A contingency fee is a fee which a lawyer only earns by successfully winning a case. Some lawyers will make contingency fee agreements for cases in which monetary damages will be awarded, such as personal injury suits. Allowing lawyers to accept payments on a contingency basis can create more access to the legal system for people who do not have enough money to hire a lawyer outright. However, it is possible to get into a contingency fee arrangement which is not beneficial for the client, making it important to read the terms carefully.
The specifics of the contract can vary. Generally, the terms of the agreement state that the lawyer gets a percentage, with a third being a common amount, of the net earnings recovered. To determine net earnings, costs for court filings and other costs related to the suit are deducted, as are the costs for the lawyer's billable hours; the lawyer both earns a percentage and regular compensation for hours worked on the case.
A lawyer will review a case carefully before accepting it on a contingent basis.
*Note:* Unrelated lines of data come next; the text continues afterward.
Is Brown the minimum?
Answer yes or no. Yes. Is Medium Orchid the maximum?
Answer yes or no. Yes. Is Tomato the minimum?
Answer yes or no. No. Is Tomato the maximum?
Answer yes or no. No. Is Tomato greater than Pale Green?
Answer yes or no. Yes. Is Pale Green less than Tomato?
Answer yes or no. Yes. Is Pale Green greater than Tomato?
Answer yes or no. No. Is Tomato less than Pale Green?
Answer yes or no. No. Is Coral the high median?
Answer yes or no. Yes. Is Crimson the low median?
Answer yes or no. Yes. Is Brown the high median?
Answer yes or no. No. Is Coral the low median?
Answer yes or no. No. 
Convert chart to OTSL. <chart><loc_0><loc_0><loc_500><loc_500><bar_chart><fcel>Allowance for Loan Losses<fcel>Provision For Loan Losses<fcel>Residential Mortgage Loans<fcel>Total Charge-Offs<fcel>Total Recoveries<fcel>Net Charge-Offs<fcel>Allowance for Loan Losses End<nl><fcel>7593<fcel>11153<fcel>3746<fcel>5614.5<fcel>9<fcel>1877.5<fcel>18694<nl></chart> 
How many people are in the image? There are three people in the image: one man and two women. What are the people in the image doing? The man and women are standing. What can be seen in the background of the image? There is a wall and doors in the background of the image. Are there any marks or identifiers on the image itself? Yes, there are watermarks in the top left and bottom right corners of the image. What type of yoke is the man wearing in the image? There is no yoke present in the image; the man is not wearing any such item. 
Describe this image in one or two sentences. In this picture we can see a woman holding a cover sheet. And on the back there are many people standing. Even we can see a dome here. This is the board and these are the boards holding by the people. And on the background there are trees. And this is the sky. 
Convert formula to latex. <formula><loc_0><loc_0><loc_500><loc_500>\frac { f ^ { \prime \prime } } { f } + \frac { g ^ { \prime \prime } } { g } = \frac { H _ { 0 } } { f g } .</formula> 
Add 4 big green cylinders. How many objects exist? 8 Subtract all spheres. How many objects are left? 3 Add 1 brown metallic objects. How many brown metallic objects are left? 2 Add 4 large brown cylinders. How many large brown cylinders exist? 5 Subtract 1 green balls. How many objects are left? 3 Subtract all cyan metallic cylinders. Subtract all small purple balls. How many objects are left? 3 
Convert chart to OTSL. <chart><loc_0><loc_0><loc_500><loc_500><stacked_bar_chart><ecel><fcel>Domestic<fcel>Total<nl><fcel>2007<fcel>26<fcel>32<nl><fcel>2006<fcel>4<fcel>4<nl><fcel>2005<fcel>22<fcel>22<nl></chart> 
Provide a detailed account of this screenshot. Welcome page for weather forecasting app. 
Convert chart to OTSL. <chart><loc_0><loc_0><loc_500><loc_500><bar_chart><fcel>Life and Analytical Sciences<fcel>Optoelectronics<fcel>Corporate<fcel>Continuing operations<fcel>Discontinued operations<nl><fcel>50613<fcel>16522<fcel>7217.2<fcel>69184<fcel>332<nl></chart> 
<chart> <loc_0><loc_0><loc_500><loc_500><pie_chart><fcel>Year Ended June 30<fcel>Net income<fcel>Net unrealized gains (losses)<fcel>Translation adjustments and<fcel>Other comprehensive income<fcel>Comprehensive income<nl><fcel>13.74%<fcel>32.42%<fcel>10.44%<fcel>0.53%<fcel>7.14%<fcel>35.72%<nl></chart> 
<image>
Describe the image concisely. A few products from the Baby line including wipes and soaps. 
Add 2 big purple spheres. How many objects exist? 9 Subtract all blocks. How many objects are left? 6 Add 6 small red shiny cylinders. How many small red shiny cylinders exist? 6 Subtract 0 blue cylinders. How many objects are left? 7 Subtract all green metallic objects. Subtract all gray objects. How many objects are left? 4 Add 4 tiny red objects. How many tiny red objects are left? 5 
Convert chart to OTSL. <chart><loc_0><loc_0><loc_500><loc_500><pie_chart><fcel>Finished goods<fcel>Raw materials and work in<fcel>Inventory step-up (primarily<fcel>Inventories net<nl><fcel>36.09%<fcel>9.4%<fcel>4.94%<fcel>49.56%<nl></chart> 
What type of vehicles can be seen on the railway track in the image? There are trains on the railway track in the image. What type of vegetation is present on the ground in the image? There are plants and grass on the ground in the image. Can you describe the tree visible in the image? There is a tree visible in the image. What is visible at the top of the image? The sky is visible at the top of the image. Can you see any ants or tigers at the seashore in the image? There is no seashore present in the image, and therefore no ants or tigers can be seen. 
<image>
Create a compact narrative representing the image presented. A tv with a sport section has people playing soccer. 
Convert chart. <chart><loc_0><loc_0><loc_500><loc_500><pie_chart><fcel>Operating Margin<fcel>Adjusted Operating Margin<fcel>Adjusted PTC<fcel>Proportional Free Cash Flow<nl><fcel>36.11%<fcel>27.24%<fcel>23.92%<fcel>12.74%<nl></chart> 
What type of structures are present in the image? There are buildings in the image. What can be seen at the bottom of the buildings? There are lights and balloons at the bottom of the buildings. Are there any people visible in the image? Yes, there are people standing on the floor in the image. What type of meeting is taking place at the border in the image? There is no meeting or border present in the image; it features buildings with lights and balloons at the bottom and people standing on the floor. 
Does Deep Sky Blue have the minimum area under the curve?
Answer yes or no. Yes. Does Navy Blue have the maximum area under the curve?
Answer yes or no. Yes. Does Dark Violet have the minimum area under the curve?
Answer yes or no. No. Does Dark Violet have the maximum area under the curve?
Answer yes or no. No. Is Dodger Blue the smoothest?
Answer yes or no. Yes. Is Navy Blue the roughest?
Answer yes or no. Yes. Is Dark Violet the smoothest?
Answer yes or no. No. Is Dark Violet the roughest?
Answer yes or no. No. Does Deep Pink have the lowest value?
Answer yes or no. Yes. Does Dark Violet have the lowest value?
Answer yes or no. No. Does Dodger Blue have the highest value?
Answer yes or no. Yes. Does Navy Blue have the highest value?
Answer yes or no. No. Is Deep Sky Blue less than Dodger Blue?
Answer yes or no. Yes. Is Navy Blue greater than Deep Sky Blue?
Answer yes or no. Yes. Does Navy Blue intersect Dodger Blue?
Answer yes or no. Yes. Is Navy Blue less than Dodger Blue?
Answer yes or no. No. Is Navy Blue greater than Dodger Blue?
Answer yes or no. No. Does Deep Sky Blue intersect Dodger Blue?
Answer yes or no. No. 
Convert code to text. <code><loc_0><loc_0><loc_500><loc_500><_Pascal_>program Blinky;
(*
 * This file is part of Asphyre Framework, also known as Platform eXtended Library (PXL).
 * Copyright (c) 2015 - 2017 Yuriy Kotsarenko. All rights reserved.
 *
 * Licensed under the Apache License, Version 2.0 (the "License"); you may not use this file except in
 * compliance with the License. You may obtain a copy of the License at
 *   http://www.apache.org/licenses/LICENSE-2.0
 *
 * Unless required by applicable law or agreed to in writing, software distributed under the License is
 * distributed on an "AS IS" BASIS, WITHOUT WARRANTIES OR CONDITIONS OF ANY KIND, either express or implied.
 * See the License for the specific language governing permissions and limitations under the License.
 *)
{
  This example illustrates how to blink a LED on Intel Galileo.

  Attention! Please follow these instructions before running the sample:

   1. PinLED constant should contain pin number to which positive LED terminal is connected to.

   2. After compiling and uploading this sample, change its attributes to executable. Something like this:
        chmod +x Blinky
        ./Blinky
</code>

As a general rule, lawyers only pick cases which they feel confident about winning when their compensation comes in the form of a contingency fee, because they do not want to put time and energy into a case with an uncertain outcome. This means that people who need access to the legal system but have complicated cases may not be able to get a lawyer to take the case on for a contingency fee, because there may be some doubt about the probability of a successful outcome.
When a client and lawyer agree to work together for a contingency fee, a contract will be written up to spell out the terms of the agreement. The client should review the contract carefully. If it is not clear or the client has questions, the client should seek out explanations. People should not sign contracts which appear to violate the law, which contain clauses they do not understand, or which do not appear to be favorable for them.
People should also be aware that many regional bar associations regulate how and when contingency fees can be used. These organizations consider excessive percentages to be a violation of ethics, and will penalize member attorneys who attempt to create an unreasonable contingency fee contract. Information about contingency fees is available directly from many bar associations, often on their websites, and it is advisable to look this over while developing a contract with a lawyer.